The newly hatched larvae were reared on an artificial diet [16], lotus leaves, taro leaves or water oats, until they reached third-instar stage. Then, the third-instar larvae were collected for RNA extraction.

Starvation-induced stress.

Thirty third-instar larvae were starved for 6 h, and were collected for RNA extraction.

Reference Gene Selection and Primer Design

Eight commonly used reference genes were selected (Table 2). Based on the described insect reference genes in literature, the NCBI database (http://www.ncbi.nlm.nih.gov) was searched for available S. litura sequences: ACTB [17], UCCR, FTZF1, GAPDH [6], EF1 [2], [3] and AK [18]. We explored whether UCCR and FTZF1 could be used as reference genes. However, RPS3 [1], [19] and RPL10 (unpublished data from our laboratory) sequences were amplified based on the sequences from Spodoptera frugiperda and Spodoptera exigua (SfRPS3, accession no. AF429976; SeRPL10, accession no. EU258622). We have submitted RPS3 (accession No., KC866374) and RPL10 (accession No., KC866373) gene sequences from S. litura to GenBank. However, 28S rRNA was omitted in our study although it has been used in several qRT-PCR studies, because many literatures [3] suggested that 28S gene may not be an ideal gene for qRT-PCR due to its high expression level. All gene-specific primers were designed using Beacon Designer 8.0 software (Premier Biosoft International, Palo Alto, CA, USA; Table 2).

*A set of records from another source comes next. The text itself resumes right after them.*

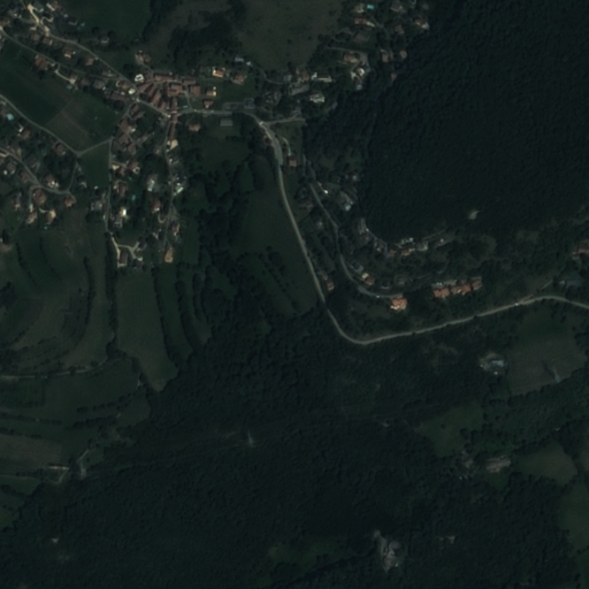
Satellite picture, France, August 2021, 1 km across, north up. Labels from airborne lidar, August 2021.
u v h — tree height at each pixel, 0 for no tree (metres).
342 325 6
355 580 16
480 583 15
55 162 9
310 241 15
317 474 34
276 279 11
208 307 22
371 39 0
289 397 24
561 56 16
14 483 0
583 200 15
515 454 7
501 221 14
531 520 18
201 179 19
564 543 21
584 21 15
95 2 0
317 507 17
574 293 20
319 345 13
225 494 17
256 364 27
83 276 0
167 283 0
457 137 12
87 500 14
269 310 18
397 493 9
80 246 0
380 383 7
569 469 0
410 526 7
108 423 9
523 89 16
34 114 0
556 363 0
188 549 10
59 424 8
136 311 0
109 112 0
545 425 8
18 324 0
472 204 15
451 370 13
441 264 9
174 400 14
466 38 18
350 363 7
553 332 0
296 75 16
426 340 7
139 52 0
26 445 0
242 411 11
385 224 10
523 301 0
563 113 16
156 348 0
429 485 20
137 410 0
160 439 7
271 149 11
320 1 0
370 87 18
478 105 13
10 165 0
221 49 8
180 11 0
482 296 9
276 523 19
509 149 19
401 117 19
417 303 15
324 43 7
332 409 12
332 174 8
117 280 12
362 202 11
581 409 12
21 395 0
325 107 11
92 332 0
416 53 17
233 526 18
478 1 24
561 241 11
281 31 0
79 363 0
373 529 12
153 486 18
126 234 0
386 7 14
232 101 0
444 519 12
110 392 0
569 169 14
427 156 10
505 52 16
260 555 18
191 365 16
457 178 15
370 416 7
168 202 15
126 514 13
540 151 16
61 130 0
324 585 19
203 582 18
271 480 17
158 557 9
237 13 12
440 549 14
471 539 10
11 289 15
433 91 21
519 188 16
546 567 17
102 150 0
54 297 0
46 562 12
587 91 15
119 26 0
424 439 10
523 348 0
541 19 18
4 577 17
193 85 0
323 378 9
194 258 0
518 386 0
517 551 22
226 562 15
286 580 14
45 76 19
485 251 7
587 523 0
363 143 9
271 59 0
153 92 0
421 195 12
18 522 13
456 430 0
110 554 18
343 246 14
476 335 6
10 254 0
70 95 0
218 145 0
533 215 16
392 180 9
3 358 9
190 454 15
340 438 15
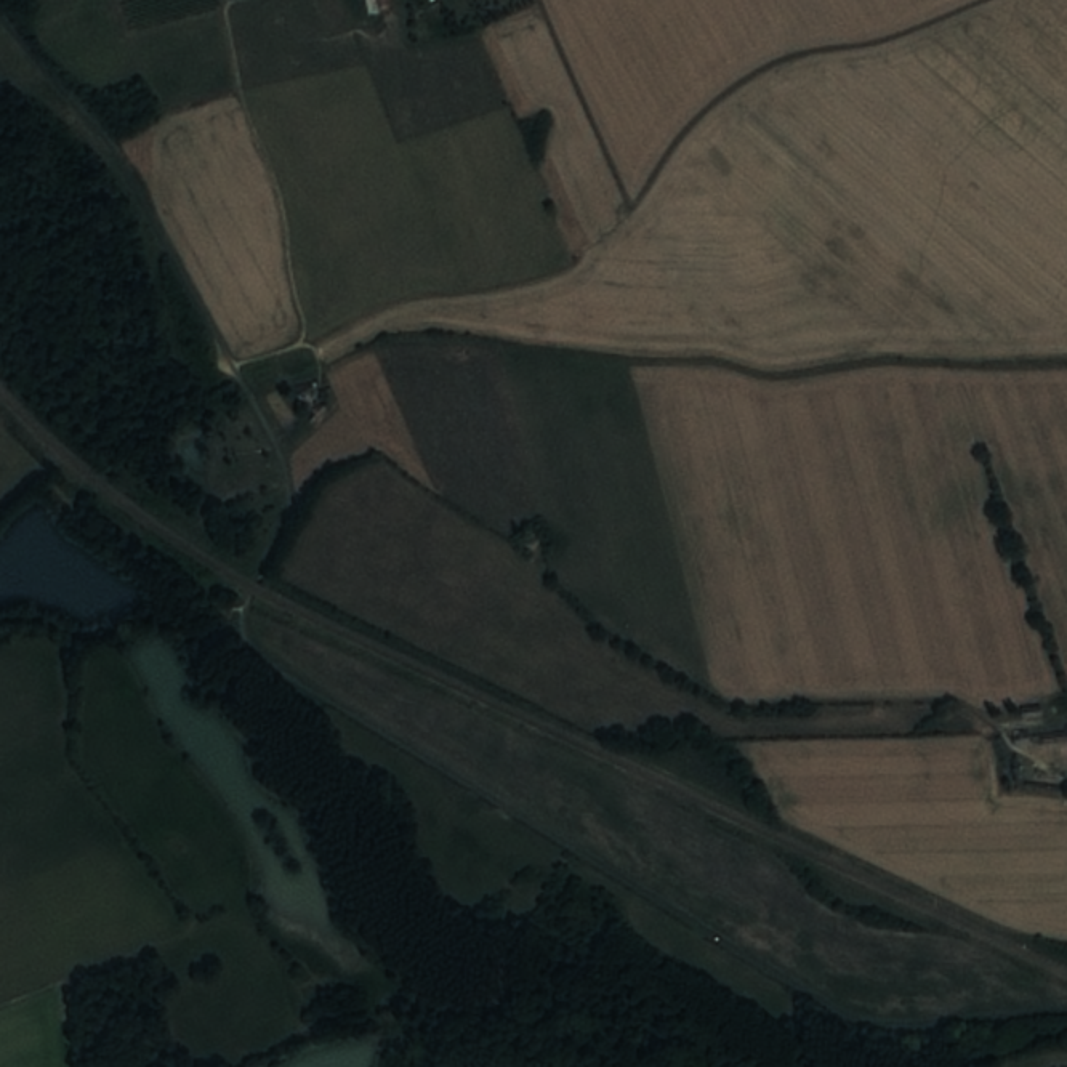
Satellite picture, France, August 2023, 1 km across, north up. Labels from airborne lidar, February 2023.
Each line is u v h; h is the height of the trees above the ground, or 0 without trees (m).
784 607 0
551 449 0
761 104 0
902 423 0
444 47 0
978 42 0
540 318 0
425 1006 12
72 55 0
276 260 0
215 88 0
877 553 0
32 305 14
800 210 0
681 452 0
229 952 0
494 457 0
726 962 0
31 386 20
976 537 0
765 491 0
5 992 0
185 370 15
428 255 0
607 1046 19
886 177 0
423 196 0
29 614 15
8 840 0
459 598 0
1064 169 0
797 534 0
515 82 0
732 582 0
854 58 0
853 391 0
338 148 0
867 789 0
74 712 6
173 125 0
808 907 0
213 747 0
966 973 0
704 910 0
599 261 0
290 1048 13
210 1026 0
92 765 0
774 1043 20
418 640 0
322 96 0
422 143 0
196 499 16
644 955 18
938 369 0
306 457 0
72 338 12
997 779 0
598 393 0
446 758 0
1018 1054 6
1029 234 0
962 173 0
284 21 0
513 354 0
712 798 0
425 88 0
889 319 0
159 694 0
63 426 15
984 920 0
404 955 31
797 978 0
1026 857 0
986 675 0
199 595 9
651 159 0
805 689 0
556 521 0
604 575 0
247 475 0
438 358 0
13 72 0
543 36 0
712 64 0
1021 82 0
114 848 0
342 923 14
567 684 0
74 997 17
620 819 0
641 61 0
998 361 0
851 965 0
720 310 0
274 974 0
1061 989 0
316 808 22
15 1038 0
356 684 0
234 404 17
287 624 0
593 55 0
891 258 0
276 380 0
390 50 0
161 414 16
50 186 10
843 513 0
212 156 0
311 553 0
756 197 0
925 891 0
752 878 0
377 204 0
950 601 0
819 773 0
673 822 0
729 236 0
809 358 0
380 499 0
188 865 0
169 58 0
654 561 0
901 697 0
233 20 0
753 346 0
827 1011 8
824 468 0
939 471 0
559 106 0
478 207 0
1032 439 0
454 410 0
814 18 0
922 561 0
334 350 0
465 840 0
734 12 0
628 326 0
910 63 0
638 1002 22
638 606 0
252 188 0
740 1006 17
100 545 18
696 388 0
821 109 0
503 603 0
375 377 0
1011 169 0
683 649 0
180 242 0
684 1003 21
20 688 0
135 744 0
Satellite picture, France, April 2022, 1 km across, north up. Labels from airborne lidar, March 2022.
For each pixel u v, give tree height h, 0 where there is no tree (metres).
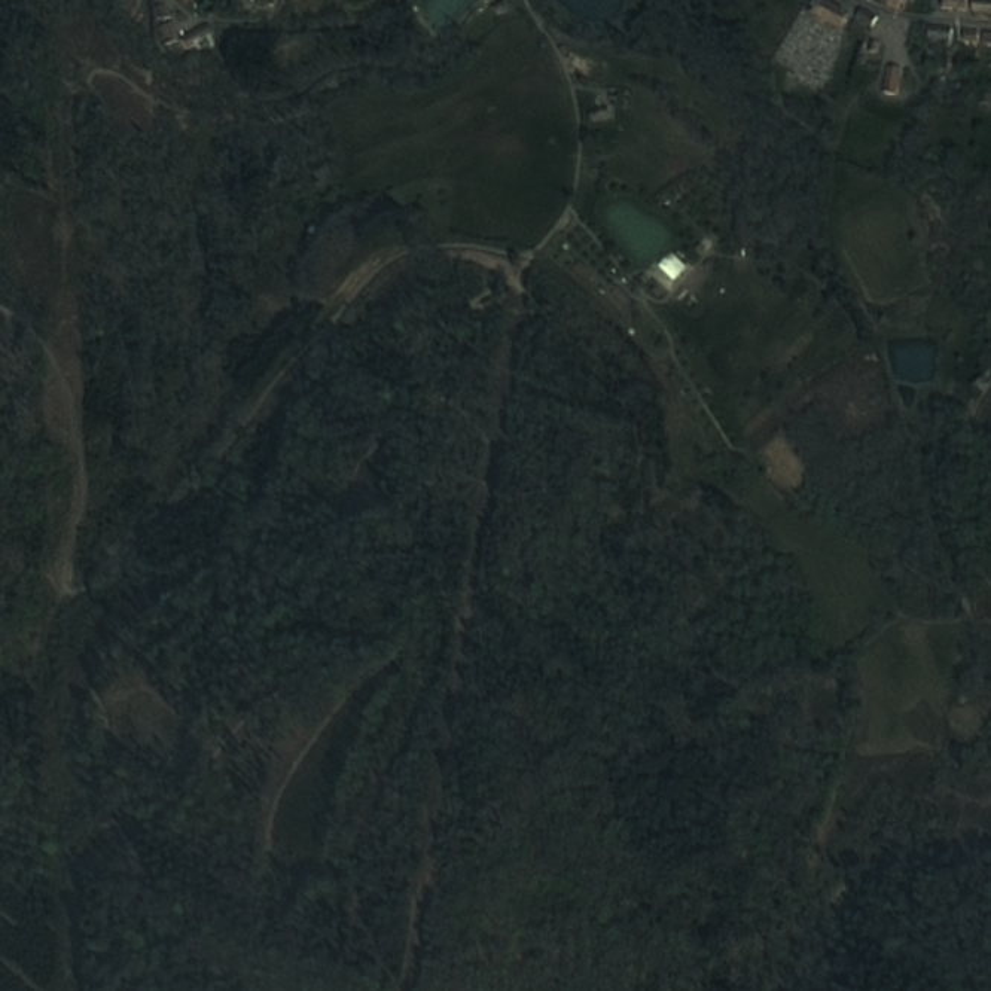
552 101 0
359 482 0
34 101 7
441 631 22
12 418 11
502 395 0
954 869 26
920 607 0
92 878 25
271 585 35
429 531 22
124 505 8
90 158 12
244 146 27
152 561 28
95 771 8
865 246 0
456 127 0
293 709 32
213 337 27
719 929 12
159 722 0
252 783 18
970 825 0
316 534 26
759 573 20
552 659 24
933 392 0
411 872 19
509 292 20
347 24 25
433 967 28
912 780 0
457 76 7
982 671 22
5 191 23
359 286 0
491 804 18
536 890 23
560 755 22
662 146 0
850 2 0
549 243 0
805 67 0
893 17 0
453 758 10
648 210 0
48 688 6
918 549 22
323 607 32
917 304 0
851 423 0
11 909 20
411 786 20
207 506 19
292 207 7
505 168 0
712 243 0
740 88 27
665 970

Total RNA Isolation and cDNA Synthesis

Total RNA was isolated using TRIzol reagent (Invitrogen, Carlsbad, CA, USA) following the recommended procedures. The purity of all RNA samples was assessed at absorbance ratios of A260/A280 and A260/A230 with a UV-1800 spectrophotometer (Shimadzu, Kyoto, Japan), and the integrity of the RNA was immediately checked using 1.0% agarose gel electrophoresis. Then, the RNA was treated with DNaseI (Fermentas, Glen Burnie, MD, USA) according to the manufacturer’s instructions, and the first-strand cDNA template was synthesized from 1.0 µg of total RNA using the First-Strand cDNA Synthesis Kit (Fermentas) with oligo (dT)18 as the primer, and stored at −20°C until use the next day. Our experimental processes were consistent for all the treatments.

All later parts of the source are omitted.